DEV Community

Discussion on: Welcome to SQL 3: Building Relationships and Combining Data Sets

Collapse
 
dominicbisset profile image
Dominic Bisset

That's a solid introduction to joins and unions. I particularly appreciated the animation - it's a great way of representing the filtering effect of joins, and certainly clearer than a Venn diagram.

I think you've missed some of the nuance of the full outer join though. The way you describe it as producing the Cartesian product of the two incoming tables - the rows in one table multiplied by the rows in the other - is more true of the CROSS JOIN (which you suggested is an alias of the INNER JOIN).

As it happens your Pandas example will produce the same output if you join the two tables on column B regardless of whether you do an FULL OUTER, LEFT or even INNER JOIN. The problem lies not in the type of join but that you're trying to join two tables with tangentially related data. There's not enough commonality between the sets to make sensible decisions about what should match to what.
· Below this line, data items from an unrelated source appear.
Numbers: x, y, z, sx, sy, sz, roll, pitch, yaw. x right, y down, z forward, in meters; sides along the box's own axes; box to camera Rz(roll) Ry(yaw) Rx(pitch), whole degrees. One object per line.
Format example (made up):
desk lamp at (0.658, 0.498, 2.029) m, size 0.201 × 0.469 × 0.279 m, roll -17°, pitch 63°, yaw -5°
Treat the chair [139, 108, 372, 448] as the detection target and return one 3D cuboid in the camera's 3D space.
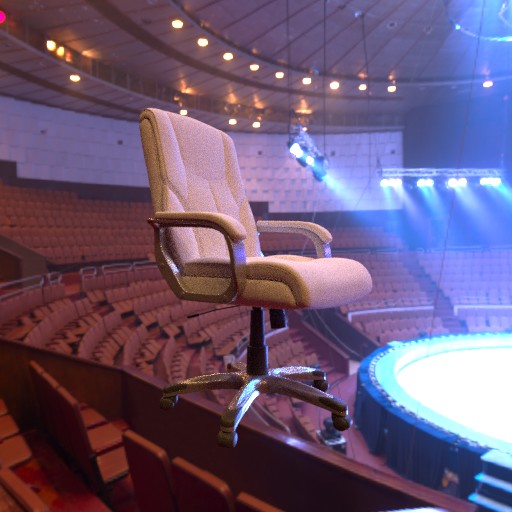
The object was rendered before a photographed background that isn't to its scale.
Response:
chair at (0.000, 0.000, 1.624) m, size 0.738 × 1.120 × 0.687 m, roll 1°, pitch 1°, yaw 34°
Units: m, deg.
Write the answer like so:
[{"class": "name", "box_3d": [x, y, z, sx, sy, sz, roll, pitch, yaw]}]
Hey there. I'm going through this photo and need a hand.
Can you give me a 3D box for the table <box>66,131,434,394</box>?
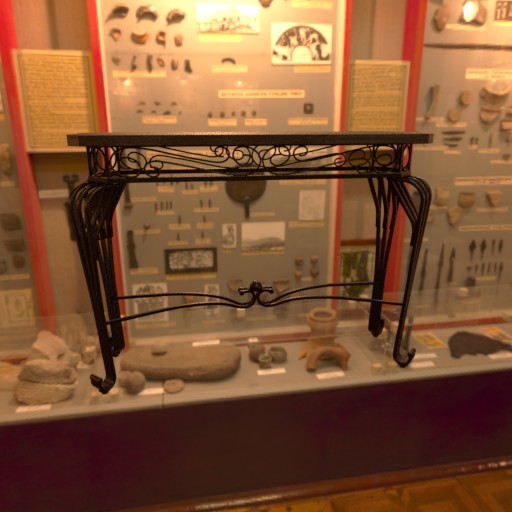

If you wanted to reduce the number of rows you'd have to use data sets with more columns so you have composite keys that overlap more.

Rather than showing rows that have multiple matches, a better example for FULL OUTER joins considers what happens when rows don't have a match. You end up with some complete rows, some rows with NULLs at the end and data at the start (assuming a select *), and others with NULLs at the start with data towards the end.

They are niche. There aren't many cases where you'd use one over a left join because largely you have got a primary driving data source that you're trying to add supplementary info to. A use case I came across was when I had two conceptually-similar tables from different sources - reels of paper tracked by different factory data collection systems. Both tables had some common columns, and some extra info that wasn't available in the other system. Both sources knew about some of the reels of paper but not all of them, and a LEFT (or RIGHT) JOIN would filter out the rows from the "other" system that the driving system didn't know about. By FULL OUTER JOINing them together and COALESCING the resultant NULLs to sensible defaults I was able to get the most detailed picture of the system as a whole.